Print every record below exactly as written.

**Entries taken from a collection**.
__________
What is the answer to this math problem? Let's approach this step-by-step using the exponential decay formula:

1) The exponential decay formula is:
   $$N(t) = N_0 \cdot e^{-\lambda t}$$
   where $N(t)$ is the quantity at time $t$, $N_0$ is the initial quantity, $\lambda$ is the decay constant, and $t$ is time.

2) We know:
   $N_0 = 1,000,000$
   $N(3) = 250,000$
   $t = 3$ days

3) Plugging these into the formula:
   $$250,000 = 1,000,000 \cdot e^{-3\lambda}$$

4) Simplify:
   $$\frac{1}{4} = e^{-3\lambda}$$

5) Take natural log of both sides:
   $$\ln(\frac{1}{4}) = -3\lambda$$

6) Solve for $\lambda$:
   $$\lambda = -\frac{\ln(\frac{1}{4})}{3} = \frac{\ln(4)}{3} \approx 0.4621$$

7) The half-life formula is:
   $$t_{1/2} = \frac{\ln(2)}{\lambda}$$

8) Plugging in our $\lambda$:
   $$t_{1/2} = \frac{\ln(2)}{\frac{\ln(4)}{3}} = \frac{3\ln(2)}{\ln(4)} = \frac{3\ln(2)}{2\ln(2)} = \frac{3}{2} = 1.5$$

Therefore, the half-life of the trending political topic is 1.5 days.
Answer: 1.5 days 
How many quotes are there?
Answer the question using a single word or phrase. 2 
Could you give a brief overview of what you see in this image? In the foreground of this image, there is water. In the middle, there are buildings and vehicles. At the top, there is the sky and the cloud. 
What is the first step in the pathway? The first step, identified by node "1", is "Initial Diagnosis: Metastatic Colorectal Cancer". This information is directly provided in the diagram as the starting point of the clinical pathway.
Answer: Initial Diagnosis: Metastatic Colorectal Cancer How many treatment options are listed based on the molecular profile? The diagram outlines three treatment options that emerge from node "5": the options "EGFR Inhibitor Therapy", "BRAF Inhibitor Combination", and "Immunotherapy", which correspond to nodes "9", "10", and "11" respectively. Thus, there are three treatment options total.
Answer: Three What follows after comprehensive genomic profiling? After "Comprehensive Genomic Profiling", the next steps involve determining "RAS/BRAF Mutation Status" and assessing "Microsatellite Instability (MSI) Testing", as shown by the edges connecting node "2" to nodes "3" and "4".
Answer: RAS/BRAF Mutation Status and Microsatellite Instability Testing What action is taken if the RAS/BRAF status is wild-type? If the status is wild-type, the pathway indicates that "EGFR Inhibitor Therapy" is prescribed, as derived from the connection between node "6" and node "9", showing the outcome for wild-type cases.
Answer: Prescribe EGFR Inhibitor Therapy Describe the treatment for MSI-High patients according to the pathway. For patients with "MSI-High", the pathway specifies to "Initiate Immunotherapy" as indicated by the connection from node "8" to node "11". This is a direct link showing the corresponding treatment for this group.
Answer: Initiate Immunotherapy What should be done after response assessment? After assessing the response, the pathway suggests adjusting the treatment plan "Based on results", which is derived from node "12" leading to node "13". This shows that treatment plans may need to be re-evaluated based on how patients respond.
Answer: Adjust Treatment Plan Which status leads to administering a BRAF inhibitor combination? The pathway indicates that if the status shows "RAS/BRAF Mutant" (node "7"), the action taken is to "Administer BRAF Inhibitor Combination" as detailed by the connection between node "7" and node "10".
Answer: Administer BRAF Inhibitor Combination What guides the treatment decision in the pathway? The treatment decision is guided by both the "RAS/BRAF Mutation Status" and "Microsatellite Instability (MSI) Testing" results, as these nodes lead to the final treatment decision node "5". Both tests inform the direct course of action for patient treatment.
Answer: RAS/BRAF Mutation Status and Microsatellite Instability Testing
__________
**Output for this task**.
What is the answer to this math problem? Let's approach this step-by-step using the exponential decay formula:

1) The exponential decay formula is:
   $$N(t) = N_0 \cdot e^{-\lambda t}$$
   where $N(t)$ is the quantity at time $t$, $N_0$ is the initial quantity, $\lambda$ is the decay constant, and $t$ is time.

2) We know:
   $N_0 = 1,000,000$
   $N(3) = 250,000$
   $t = 3$ days

3) Plugging these into the formula:
   $$250,000 = 1,000,000 \cdot e^{-3\lambda}$$

4) Simplify:
   $$\frac{1}{4} = e^{-3\lambda}$$

5) Take natural log of both sides:
   $$\ln(\frac{1}{4}) = -3\lambda$$

6) Solve for $\lambda$:
   $$\lambda = -\frac{\ln(\frac{1}{4})}{3} = \frac{\ln(4)}{3} \approx 0.4621$$

7) The half-life formula is:
   $$t_{1/2} = \frac{\ln(2)}{\lambda}$$

8) Plugging in our $\lambda$:
   $$t_{1/2} = \frac{\ln(2)}{\frac{\ln(4)}{3}} = \frac{3\ln(2)}{\ln(4)} = \frac{3\ln(2)}{2\ln(2)} = \frac{3}{2} = 1.5$$

Therefore, the half-life of the trending political topic is 1.5 days.
Answer: 1.5 days 
How many quotes are there?
Answer the question using a single word or phrase. 2 
Could you give a brief overview of what you see in this image? In the foreground of this image, there is water. In the middle, there are buildings and vehicles. At the top, there is the sky and the cloud. 
What is the first step in the pathway? The first step, identified by node "1", is "Initial Diagnosis: Metastatic Colorectal Cancer". This information is directly provided in the diagram as the starting point of the clinical pathway.
Answer: Initial Diagnosis: Metastatic Colorectal Cancer How many treatment options are listed based on the molecular profile? The diagram outlines three treatment options that emerge from node "5": the options "EGFR Inhibitor Therapy", "BRAF Inhibitor Combination", and "Immunotherapy", which correspond to nodes "9", "10", and "11" respectively. Thus, there are three treatment options total.
Answer: Three What follows after comprehensive genomic profiling? After "Comprehensive Genomic Profiling", the next steps involve determining "RAS/BRAF Mutation Status" and assessing "Microsatellite Instability (MSI) Testing", as shown by the edges connecting node "2" to nodes "3" and "4".
Answer: RAS/BRAF Mutation Status and Microsatellite Instability Testing What action is taken if the RAS/BRAF status is wild-type? If the status is wild-type, the pathway indicates that "EGFR Inhibitor Therapy" is prescribed, as derived from the connection between node "6" and node "9", showing the outcome for wild-type cases.
Answer: Prescribe EGFR Inhibitor Therapy Describe the treatment for MSI-High patients according to the pathway. For patients with "MSI-High", the pathway specifies to "Initiate Immunotherapy" as indicated by the connection from node "8" to node "11". This is a direct link showing the corresponding treatment for this group.
Answer: Initiate Immunotherapy What should be done after response assessment? After assessing the response, the pathway suggests adjusting the treatment plan "Based on results", which is derived from node "12" leading to node "13". This shows that treatment plans may need to be re-evaluated based on how patients respond.
Answer: Adjust Treatment Plan Which status leads to administering a BRAF inhibitor combination? The pathway indicates that if the status shows "RAS/BRAF Mutant" (node "7"), the action taken is to "Administer BRAF Inhibitor Combination" as detailed by the connection between node "7" and node "10".
Answer: Administer BRAF Inhibitor Combination What guides the treatment decision in the pathway? The treatment decision is guided by both the "RAS/BRAF Mutation Status" and "Microsatellite Instability (MSI) Testing" results, as these nodes lead to the final treatment decision node "5". Both tests inform the direct course of action for patient treatment.
Answer: RAS/BRAF Mutation Status and Microsatellite Instability Testing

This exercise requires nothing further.